InfiX-ai/InfiR-1B-Instruct is a 1 billion parameter instruction-tuned causal language model developed by InfiX, continually pretrained from Llama-3.2-1B. It features a 32768 token context length and is specifically optimized for reasoning tasks, including mathematical problem-solving, code generation, and chain-of-thought reasoning. This model aims to improve reasoning capabilities in smaller language models, offering a balance between performance and reduced computational overhead.
Loading preview...
InfiR-1B-Instruct: A Reasoning-Focused Small Language Model
InfiR-1B-Instruct, developed by InfiX, is a 1 billion parameter instruction-tuned model built upon the Llama-3.2-1B architecture. It is designed to enhance reasoning capabilities in smaller language models, aiming to reduce adoption barriers and address privacy concerns associated with larger models. The model features an extended sequence length of 4096 tokens during training and supports a context length of 32768 tokens.
Key Capabilities
- Enhanced Reasoning: Demonstrates improved performance in mathematical reasoning, code generation, and chain-of-thought problem-solving compared to its base model, Llama-3.2-1B-Instruct.

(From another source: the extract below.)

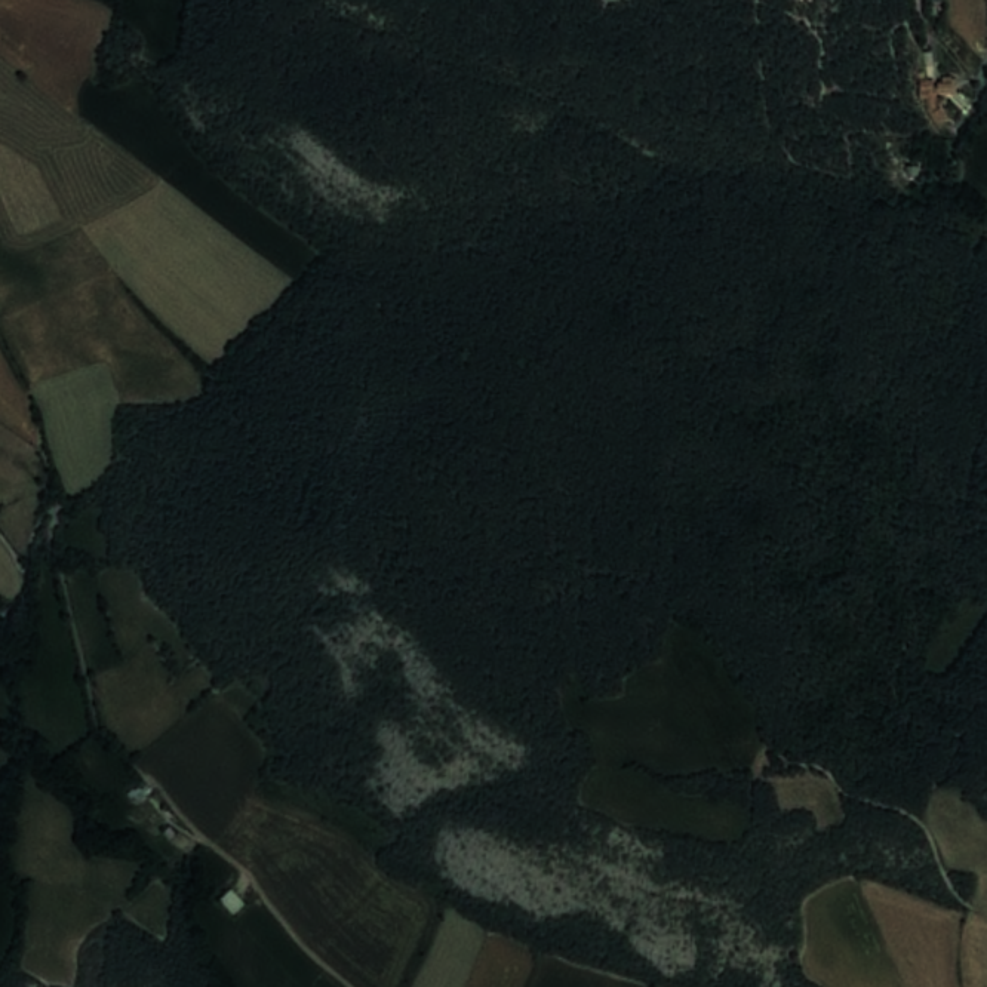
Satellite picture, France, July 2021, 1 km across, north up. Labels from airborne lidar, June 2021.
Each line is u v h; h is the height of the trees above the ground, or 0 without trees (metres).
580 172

- Efficient Performance: Achieves competitive results on benchmarks like GSM8K (70.9), MATH (46.4), and HumanEval (58.54) within its 1B parameter class, outperforming Llama-3.2-1B-Instruct.
- Optimized Training: Underwent a multi-stage training process including 900B tokens of pre-training (52% code, 48% high-quality web data), 40B tokens of annealing with extra math and code, and 4M tokens of Supervised Fine-Tuning (SFT) on diverse instruction datasets.
Good For
- Applications requiring strong reasoning in a compact form factor: Ideal for scenarios where computational resources are limited but robust reasoning for tasks like mathematical problem-solving or code generation is crucial.
- Developers seeking an efficient alternative: Offers a performant option for English-language tasks, particularly for those looking to deploy smaller, more manageable models without sacrificing core reasoning abilities.
- Research into small language models (SLMs): Provides a strong baseline for further exploration and development in the SLM space, especially concerning reasoning and efficiency.